Goodmouth and Badmouth both turned to look at him.

When it was clear that he was done, they turned back to Roland and Susannah.

"Since we’re actually one being," said Goodmouth, "and of fairly limited capabilities at that, the answer is no. We could all be Kennedy, or we could all be Nixon, but-"

"’Jam yesterday, jam tomorrow, but never jam today,’" said Susannah. She had no idea why this had popped into her head

(even less why she should have said it out loud), but Referee King said "Exactly!" and gave her a go-to-the-head-of-the-class nod.

"Move on, for your father’s sake," said Badmouth King on the left. "I can barely look at these traitors to the Lord of the Red wi’out puking."

"Very well," said his partner. "Although calling them traitors seems rather unfair, at least if one adds ka to the equation.

Since the names we give ourself would be unpronounceable to you-"

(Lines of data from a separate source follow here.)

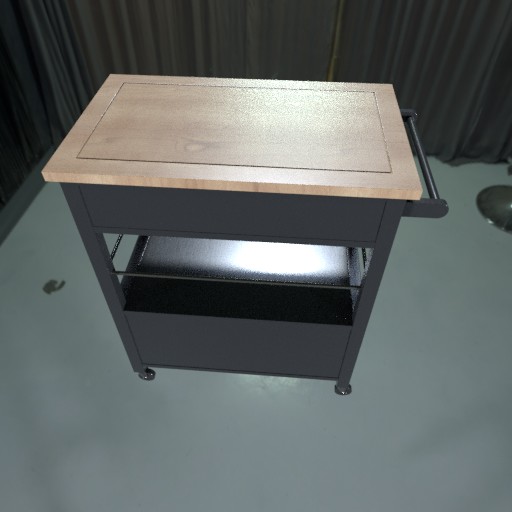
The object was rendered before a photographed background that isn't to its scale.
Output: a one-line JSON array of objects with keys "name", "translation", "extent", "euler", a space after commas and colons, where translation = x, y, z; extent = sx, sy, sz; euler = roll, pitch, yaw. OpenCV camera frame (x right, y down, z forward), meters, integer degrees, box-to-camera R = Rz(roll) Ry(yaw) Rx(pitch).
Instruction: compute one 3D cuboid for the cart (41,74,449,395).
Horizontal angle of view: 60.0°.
[{"name": "cart", "translation": [0.000, 0.000, 1.361], "extent": [0.840, 0.901, 0.459], "euler": [3, 46, 3]}]
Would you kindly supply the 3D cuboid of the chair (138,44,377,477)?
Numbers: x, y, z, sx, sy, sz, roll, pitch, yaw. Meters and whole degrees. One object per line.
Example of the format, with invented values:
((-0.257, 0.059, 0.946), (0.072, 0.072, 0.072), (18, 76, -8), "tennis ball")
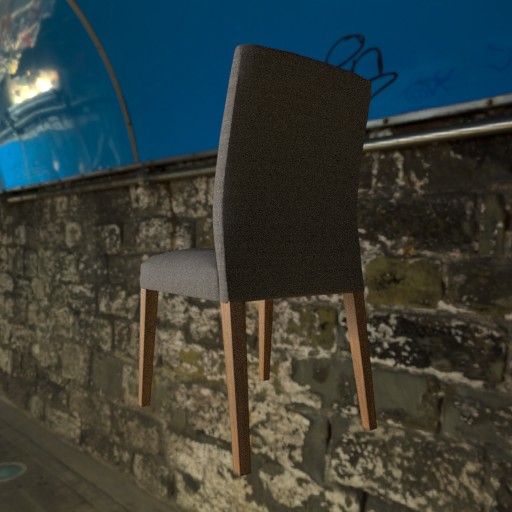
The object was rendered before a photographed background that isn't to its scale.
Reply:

"Like Superman’s rival, Mr. Mxyzptlk," said Badmouth.

"-you may as well use those Los’ used. Him being the one you call the Crimson King. I’m ego, roughly speaking, and go by the name of Feemalo. This fellow beside me is Fumalo. He’s our id."

"So the one behind you must be Fimalo," Susannah said, pronouncing it i^-ma-lo. "What’s he, your superego?"

"Oh brilliant!" Fumalo exclaimed. "I bet you can even say Freud so it doesn’t rhyme with lewd!" He leaned forward and gave her his knowing leer. "But can you spell it, you shor’-leg New York blackbird?"